DNA microarrays provide information about expression levels for thousands of genes simultaneously at the transcriptional level. It is being applied to determine how global (cell type, tissue, or organismal) differential transcription may affect biological systems. The development of microarray technology has motivated interest in their use for disease research and diagnosis. Many studies have attempted to find disease-specific biomarkers, a small subset of genes that distinguish normal tissue from diseased tissue. A wide variety of statistical methods have been applied to biomarker identification, including sparse logistic regression (SLogReg) [1], receiver operating characteristic (ROC) curve approach [2, 3] and Gaussian process models [4]. However, most of these focus on disease classification, while far fewer studies have been done to identify tissue biomarkers or genes with a tissue-restricted pattern of expression. Genes with a high level of expression in one tissue compared to other tissue types in the body are likely to have corresponding tissue-restricted functional annotation. Further, loss of the functional product encoded by these genes will frequently be associated with tissue pathology. In general, the identification of tissue-specific biomarkers or genes with a tissue-restricted pattern of expression can provide important new insight into the biology of that tissue or the etiology/pathogenesis of diseases that impact that tissue.

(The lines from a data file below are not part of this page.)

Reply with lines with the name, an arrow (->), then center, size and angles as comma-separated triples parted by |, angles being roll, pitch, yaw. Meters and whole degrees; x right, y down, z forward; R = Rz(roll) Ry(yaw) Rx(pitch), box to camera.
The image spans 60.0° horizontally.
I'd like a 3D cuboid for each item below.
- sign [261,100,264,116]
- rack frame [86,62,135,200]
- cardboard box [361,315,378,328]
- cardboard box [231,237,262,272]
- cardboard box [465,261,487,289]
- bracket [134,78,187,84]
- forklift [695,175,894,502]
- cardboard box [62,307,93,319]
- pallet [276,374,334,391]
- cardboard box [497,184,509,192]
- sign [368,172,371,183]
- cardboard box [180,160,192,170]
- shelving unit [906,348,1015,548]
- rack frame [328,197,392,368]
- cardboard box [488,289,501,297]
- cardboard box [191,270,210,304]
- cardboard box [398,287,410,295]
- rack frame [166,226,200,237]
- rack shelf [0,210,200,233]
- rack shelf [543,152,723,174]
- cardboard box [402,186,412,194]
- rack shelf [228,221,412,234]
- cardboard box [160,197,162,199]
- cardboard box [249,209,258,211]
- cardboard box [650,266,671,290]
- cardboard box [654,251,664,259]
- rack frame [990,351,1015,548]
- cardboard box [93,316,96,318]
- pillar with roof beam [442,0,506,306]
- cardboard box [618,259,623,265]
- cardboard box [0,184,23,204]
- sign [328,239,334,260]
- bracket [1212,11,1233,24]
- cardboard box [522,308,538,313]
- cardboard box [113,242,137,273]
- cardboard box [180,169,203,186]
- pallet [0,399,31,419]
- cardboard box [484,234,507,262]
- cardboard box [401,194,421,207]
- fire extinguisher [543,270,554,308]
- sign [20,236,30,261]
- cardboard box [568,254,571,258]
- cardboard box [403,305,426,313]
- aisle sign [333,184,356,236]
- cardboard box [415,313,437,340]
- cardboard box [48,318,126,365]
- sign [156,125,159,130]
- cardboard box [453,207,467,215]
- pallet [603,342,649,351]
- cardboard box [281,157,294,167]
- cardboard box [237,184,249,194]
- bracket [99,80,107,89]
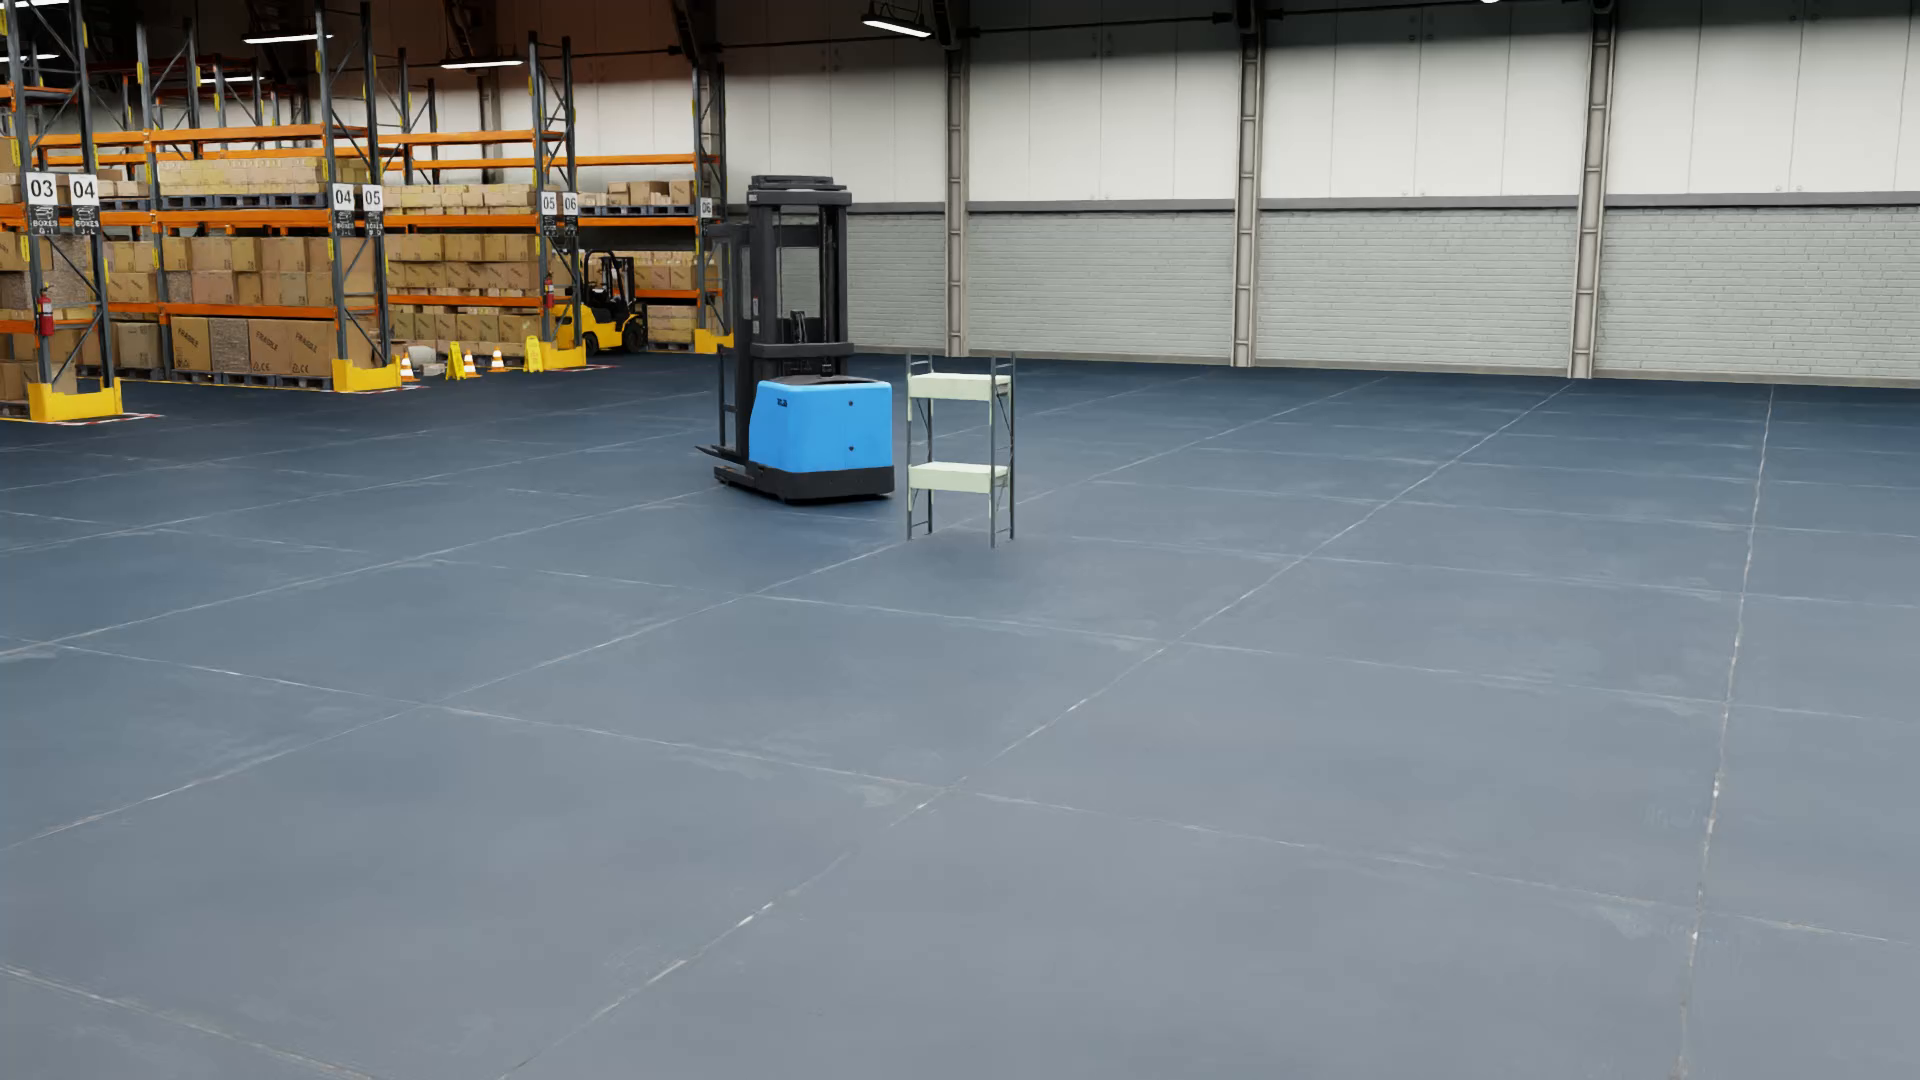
sign -> -14.345, -8.871, 34.134 | 0.005, 0.325, 0.100 | 5, 11, 26
rack frame -> -18.164, -8.600, 35.482 | 0.127, 3.000, 1.000 | 5, 11, 26
cardboard box -> -13.773, -5.184, 39.289 | 0.500, 0.500, 0.500 | 6, 12, 28
cardboard box -> -11.327, -4.660, 27.104 | 0.500, 0.550, 0.875 | 5, 11, 26
cardboard box -> -8.905, -4.977, 31.193 | 0.500, 0.500, 0.500 | 5, 11, 26
bracket -> -19.036, -11.543, 41.631 | 4.783, 0.066, 0.076 | 5, 11, 26
forklift -> -1.761, -2.008, 16.093 | 1.130, 2.935, 3.031 | -6, 12, -29
cardboard box -> -11.937, -3.057, 22.404 | 0.250, 0.149, 0.380 | 5, 11, 26
pallet -> -10.254, -2.583, 26.907 | 1.213, 0.211, 1.003 | 5, 11, 26
cardboard box -> -8.288, -6.471, 30.604 | 0.250, 0.149, 0.380 | 5, 11, 25
sign -> -11.232, -6.853, 31.694 | 0.005, 0.325, 0.100 | 5, 11, 26
cardboard box -> -12.457, -6.097, 27.080 | 0.250, 0.149, 0.380 | 5, 11, 25
shelving unit -> 0.006, -0.737, 13.094 | 0.755, 1.500, 0.431 | 5, 11, 26
rack frame -> -9.502, -3.904, 26.380 | 0.127, 3.000, 1.000 | 5, 11, 26
cardboard box -> -8.573, -4.616, 31.017 | 0.250, 0.149, 0.380 | 5, 12, 27
cardboard box -> -12.250, -4.226, 27.738 | 0.550, 0.550, 0.875 | 5, 11, 26
cardboard box -> -10.599, -4.807, 32.071 | 0.250, 0.149, 0.380 | 5, 12, 27
rack frame -> -19.558, -6.757, 42.140 | 0.127, 3.000, 1.000 | 5, 11, 26
rack shelf -> -14.883, -5.499, 28.789 | 4.000, 0.370, 1.077 | 5, 11, 26
rack shelf -> -7.003, -8.055, 35.610 | 4.000, 0.370, 1.077 | 5, 11, 26
cardboard box -> -10.373, -6.648, 31.582 | 0.250, 0.149, 0.380 | 5, 11, 24
rack shelf -> -12.783, -6.298, 33.201 | 4.000, 0.370, 1.077 | 5, 11, 26
cardboard box -> -16.285, -7.158, 34.473 | 0.500, 0.500, 0.500 | 5, 11, 26
cardboard box -> -14.140, -6.671, 33.622 | 0.258, 0.266, 0.396 | 5, 11, 26
cardboard box -> -6.228, -5.584, 35.381 | 0.500, 0.500, 0.500 | 5, 12, 28
cardboard box -> -6.296, -6.067, 35.395 | 0.250, 0.149, 0.380 | 5, 11, 26
rack frame -> 0.334, -0.709, 12.934 | 0.023, 1.500, 0.400 | 5, 11, 26
cardboard box -> -19.482, -4.731, 36.965 | 0.875, 0.438, 0.875 | 5, 11, 24
pillar with roof beam -> -12.721, -8.432, 34.551 | 0.548, 9.000, 9.100 | 5, 11, 26
cardboard box -> -7.249, -5.987, 35.787 | 0.250, 0.149, 0.380 | 5, 11, 25
cardboard box -> -12.332, -4.520, 21.779 | 0.500, 0.250, 0.500 | 5, 12, 27
sign -> -9.755, -4.505, 25.783 | 0.005, 0.325, 0.100 | 5, 11, 26
bracket -> 4.797, -9.448, 30.060 | 0.430, 0.232, 0.235 | 5, 11, 26
cardboard box -> -9.269, -4.888, 37.307 | 0.625, 0.625, 0.875 | 6, 12, 28
cardboard box -> -13.999, -4.839, 28.457 | 0.500, 0.500, 0.700 | 5, 11, 25
cardboard box -> -12.321, -5.901, 27.116 | 0.500, 0.250, 0.500 | 5, 11, 25
pallet -> -12.568, -1.824, 22.713 | 1.213, 0.211, 1.003 | 5, 11, 26
cardboard box -> -8.408, -5.437, 30.924 | 0.500, 0.500, 0.700 | 5, 11, 26
cardboard box -> -10.249, -6.449, 31.604 | 0.500, 0.250, 0.500 | 5, 11, 25
fire extinguisher -> -7.504, -4.582, 30.342 | 0.183, 0.674, 0.296 | 5, 11, 26
sign -> -12.051, -3.758, 21.435 | 0.005, 0.325, 0.100 | 5, 11, 26
cardboard box -> -8.360, -6.250, 36.403 | 0.250, 0.149, 0.380 | 5, 11, 27
cardboard box -> -10.494, -4.451, 32.014 | 0.250, 0.149, 0.380 | 5, 11, 27
aisle sign -> -9.571, -5.130, 25.853 | 0.004, 0.787, 0.394 | 5, 11, 26
cardboard box -> -10.095, -4.111, 31.956 | 0.500, 0.500, 0.500 | 6, 12, 28
cardboard box -> -15.384, -3.504, 29.304 | 0.750, 0.750, 1.050 | 5, 11, 27
sign -> -19.798, -10.121, 41.037 | 0.005, 0.325, 0.100 | 5, 11, 26
cardboard box -> -9.243, -6.153, 31.085 | 0.250, 0.149, 0.380 | 5, 11, 25
pallet -> -7.004, -4.274, 36.250 | 1.213, 0.211, 1.003 | 5, 11, 26
cardboard box -> -10.407, -5.917, 26.087 | 0.250, 0.149, 0.380 | 5, 12, 27
cardboard box -> -11.318, -5.605, 26.599 | 0.250, 0.149, 0.380 | 5, 11, 27
bracket -> -22.106, -11.812, 43.122 | 0.430, 0.232, 0.235 | 5, 11, 26

Quantiles are measures of relative standing. For example, a student scoring at the *τ* th quantile on a standardized test means that he/she performs better than a proportion *τ* and worse than a proportion (1 - *τ*) of the reference group of students. For any 0 <*τ* < 1, *F*^{-1}(*τ*) = inf{*x*: *F*(*x*) ≥ *τ*} is called the *τ* th quantile of the distribution *F*[5]. Quantile regression as introduced by Koenker and Bassett (1978) extends this idea to the estimation of conditional quantile functions modeling quantiles of the conditional distribution of the response variable as functions of observed covariates.

An ordinary least squares (OLS) regression models the relationship between covariates X and the conditional mean of the response variable Y given X = x. However, covariates X often influence the whole distribution of Y, not only the mean, thereby severely weakening OLS [6]. For example, a change in covariates may have an opposite effect on the high and low percentiles of Y. Unlike OLS, quantile regression methods offer a mechanism for estimating models across the full range of conditional quantile functions given X = x. Two models of quantile regression can be distinguished, depending on whether or not independent identically distributed (iid) error terms are assumed. We will call the model without assumption of iid error terms the non iid error model. In linear quantile regression, if the slopes of the regression lines are different for different quantiles, then the non iid error model is more appropriate [5]. Recently, Wang and He proposed a rank score test [7, 8] for detecting differential gene expression by modeling and analyzing the quantiles of gene intensity distributions through probe-level measurements. Though also based on the quantile regression idea, Wang and He's method is otherwise not related to the approach presented here.

Fold change has been widely used in microarray experiments to identify genes with different expression levels between two types of samples (e.g., diseased versus normal tissue). A cut off of 2-fold up or down regulation has been chosen to define differential expression in most published studies [9, 10]. However, the commonly used 2-fold change criterion does not take into account the magnitude of gene expression.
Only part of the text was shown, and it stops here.